Exageros à parte e outra parte nem tanto exagero, a verdade é que esse tipo
de pergunta com clima de proposta dói. Dói muito. Ai, como dói. Dói demais. E só
quem sente a pontada no esôfago pode traduzir tal sensação. Aliás, ela vem em
estágios:
- Primeiro estágio A IRA, como alguém tem coragem de reduzir meu produto a
nada ao ponto de ter a cara de pau de pedir um desconto praticamente do valor
dele? Quer de presente, neném? Vá se catar.
- Segundo estágio A BARGANHA, então nos voltamos para o nosso centro (quando o
encontramos), escolhemos um mantra, respiramos bem fundo e partimos para uma
contra proposta. Mesmo sabendo que, na maioria das vezes essa contra proposta
não é sequer compreendida ou respondida… Não sei ainda o que é pior. Porque
quando ela é respondida faz com que nos sintamos más, mesquinhas, bruxas cruéis
cruzando o céu com suas vassouras. Durma com um barulho desses.

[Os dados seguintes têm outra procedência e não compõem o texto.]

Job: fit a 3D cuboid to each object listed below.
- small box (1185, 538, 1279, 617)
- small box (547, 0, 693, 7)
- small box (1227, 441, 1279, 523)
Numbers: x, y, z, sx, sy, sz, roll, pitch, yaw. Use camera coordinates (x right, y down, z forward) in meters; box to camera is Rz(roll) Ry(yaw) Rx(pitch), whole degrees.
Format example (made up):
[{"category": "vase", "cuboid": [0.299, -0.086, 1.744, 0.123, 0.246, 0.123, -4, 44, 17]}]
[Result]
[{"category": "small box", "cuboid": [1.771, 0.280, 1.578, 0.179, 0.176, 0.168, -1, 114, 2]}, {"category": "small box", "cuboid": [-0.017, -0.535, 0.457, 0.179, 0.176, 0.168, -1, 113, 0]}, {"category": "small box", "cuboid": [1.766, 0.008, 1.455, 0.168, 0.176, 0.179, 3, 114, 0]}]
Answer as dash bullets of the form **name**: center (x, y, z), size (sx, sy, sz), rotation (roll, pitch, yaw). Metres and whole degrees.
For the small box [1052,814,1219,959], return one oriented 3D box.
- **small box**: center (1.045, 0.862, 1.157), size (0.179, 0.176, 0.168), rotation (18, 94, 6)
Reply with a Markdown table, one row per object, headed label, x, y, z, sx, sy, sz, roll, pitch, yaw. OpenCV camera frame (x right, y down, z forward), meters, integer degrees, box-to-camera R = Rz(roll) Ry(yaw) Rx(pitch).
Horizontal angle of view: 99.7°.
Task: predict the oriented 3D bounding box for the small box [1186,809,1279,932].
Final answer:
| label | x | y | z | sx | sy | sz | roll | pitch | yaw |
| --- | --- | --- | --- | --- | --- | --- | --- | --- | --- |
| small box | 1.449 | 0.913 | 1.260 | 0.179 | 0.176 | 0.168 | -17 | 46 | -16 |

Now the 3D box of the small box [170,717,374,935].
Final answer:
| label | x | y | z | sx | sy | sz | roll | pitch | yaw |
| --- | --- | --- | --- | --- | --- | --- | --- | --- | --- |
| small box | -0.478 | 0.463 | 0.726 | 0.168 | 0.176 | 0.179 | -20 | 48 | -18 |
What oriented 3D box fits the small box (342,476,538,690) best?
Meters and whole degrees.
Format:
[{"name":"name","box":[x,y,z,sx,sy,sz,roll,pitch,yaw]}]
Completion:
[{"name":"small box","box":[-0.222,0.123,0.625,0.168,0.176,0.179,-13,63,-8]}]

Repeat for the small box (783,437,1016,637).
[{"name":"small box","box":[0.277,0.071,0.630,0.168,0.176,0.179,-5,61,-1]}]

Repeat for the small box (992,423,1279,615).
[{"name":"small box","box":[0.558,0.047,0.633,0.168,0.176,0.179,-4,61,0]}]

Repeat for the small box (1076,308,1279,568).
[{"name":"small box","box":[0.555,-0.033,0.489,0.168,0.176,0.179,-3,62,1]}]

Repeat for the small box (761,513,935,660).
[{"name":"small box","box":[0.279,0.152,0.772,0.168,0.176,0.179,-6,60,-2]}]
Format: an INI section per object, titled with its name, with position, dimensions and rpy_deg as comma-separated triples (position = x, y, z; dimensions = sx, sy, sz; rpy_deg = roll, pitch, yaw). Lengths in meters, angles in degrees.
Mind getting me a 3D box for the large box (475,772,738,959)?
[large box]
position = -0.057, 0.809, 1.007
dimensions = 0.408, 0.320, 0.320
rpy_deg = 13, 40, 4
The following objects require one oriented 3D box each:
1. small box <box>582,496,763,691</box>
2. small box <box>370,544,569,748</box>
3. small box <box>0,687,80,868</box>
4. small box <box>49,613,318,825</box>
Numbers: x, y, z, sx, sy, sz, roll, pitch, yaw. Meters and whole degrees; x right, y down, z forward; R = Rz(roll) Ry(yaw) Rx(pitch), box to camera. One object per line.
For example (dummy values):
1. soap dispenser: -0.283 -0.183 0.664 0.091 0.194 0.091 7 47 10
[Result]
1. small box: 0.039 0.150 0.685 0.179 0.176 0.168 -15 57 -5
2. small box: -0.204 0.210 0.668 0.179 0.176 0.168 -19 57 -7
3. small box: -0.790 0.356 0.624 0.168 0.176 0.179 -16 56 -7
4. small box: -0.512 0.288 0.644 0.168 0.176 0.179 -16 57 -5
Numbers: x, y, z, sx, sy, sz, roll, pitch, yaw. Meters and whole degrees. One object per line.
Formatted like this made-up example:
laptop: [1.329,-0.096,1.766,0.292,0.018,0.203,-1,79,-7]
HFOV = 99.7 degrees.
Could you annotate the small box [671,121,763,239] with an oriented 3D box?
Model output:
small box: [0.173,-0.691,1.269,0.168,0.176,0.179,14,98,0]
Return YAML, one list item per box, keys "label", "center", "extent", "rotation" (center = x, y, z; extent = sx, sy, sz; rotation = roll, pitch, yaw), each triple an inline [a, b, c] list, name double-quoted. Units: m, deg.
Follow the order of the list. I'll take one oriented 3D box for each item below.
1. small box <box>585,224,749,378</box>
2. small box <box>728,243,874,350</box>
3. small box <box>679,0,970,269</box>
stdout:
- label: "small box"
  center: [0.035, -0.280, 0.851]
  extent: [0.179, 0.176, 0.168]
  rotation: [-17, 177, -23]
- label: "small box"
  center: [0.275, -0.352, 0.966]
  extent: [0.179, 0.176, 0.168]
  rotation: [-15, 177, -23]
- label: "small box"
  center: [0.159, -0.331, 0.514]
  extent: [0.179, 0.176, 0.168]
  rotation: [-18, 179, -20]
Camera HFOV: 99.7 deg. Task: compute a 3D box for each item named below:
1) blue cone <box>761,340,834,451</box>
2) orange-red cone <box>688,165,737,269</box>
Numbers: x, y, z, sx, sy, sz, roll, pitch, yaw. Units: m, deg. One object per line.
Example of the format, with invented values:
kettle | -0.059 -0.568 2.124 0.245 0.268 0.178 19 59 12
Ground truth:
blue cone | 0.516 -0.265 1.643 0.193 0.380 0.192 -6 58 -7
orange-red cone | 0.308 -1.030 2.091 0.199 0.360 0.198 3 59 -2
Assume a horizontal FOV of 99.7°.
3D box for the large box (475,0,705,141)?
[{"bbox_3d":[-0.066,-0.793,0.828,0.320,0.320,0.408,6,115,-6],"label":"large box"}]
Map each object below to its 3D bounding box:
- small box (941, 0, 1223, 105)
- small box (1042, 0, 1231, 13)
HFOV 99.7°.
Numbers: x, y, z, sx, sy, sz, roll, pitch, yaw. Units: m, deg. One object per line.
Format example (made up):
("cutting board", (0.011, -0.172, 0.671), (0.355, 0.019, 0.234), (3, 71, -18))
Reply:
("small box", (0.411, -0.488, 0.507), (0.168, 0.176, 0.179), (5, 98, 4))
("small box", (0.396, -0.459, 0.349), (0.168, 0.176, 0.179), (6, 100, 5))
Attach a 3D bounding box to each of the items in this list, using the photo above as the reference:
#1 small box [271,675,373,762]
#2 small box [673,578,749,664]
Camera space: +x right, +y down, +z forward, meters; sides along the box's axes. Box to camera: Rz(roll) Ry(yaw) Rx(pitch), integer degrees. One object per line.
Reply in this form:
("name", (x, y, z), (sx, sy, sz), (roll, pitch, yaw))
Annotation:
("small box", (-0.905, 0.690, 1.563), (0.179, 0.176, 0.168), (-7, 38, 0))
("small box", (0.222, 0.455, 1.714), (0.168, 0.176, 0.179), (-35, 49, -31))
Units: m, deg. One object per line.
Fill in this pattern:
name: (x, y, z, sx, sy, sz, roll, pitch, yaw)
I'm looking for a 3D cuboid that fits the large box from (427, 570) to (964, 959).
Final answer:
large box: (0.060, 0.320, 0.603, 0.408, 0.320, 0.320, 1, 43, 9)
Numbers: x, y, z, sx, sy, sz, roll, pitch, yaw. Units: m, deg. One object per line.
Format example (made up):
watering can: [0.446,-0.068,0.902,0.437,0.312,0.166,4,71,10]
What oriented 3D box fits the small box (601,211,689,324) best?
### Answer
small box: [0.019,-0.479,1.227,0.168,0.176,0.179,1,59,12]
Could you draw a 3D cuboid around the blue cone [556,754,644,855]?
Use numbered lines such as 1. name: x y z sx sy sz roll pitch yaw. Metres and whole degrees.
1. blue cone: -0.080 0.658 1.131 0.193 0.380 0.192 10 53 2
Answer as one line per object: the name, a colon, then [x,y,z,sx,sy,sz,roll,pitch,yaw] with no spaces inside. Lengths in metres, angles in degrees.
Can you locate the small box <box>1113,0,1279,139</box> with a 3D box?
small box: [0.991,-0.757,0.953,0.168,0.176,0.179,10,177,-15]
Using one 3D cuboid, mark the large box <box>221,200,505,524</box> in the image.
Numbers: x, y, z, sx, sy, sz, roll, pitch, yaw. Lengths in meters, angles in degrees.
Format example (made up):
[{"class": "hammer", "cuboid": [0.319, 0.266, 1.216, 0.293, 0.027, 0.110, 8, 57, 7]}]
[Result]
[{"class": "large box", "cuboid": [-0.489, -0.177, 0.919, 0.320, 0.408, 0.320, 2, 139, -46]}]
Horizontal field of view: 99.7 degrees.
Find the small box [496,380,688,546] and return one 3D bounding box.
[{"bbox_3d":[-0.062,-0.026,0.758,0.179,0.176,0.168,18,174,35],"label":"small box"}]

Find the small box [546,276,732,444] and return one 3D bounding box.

Aliás, tal
barulho encadeia o próximo estágio…
- Terceiro estágio A CULPA, você se pega pensando na vida da pessoa que pediu
o desconto, numa casa simples, necessitada daquela almofadinha bordada que você
não teve a bondade de vender por menos da metade do preço… Daí pensa, será que
era uma estrela internacional? Será que era a Madona disfarçada de compradora
comum? Deus! Terei eu deixado de vender uma almofada com desconto para o Prince?
Ou pior, para a Duquesa de Cambridge? Não. Não, claro que não. Isso é só um
delírio da culpa. Culpa por não ter praticamente dado de graça um produto que
demorei semanas pra fazer entre pesquisas, compras de tecidos, desenhos,
bordados… Que espécie de pessoa se negaria a dar de graça seu ganha pão? Só uma
bruxa mesmo. Ah tá!
- O último estágio é um final feliz, normalmente a hora em que alguém sem
titubear joga no carrinho aquele produto ex fruto da ira, da barganha e da
culpa, transformando aquela transação comercial em um momento inesquecível de
felicidade e regozijo. Ai, como eu sou feliz!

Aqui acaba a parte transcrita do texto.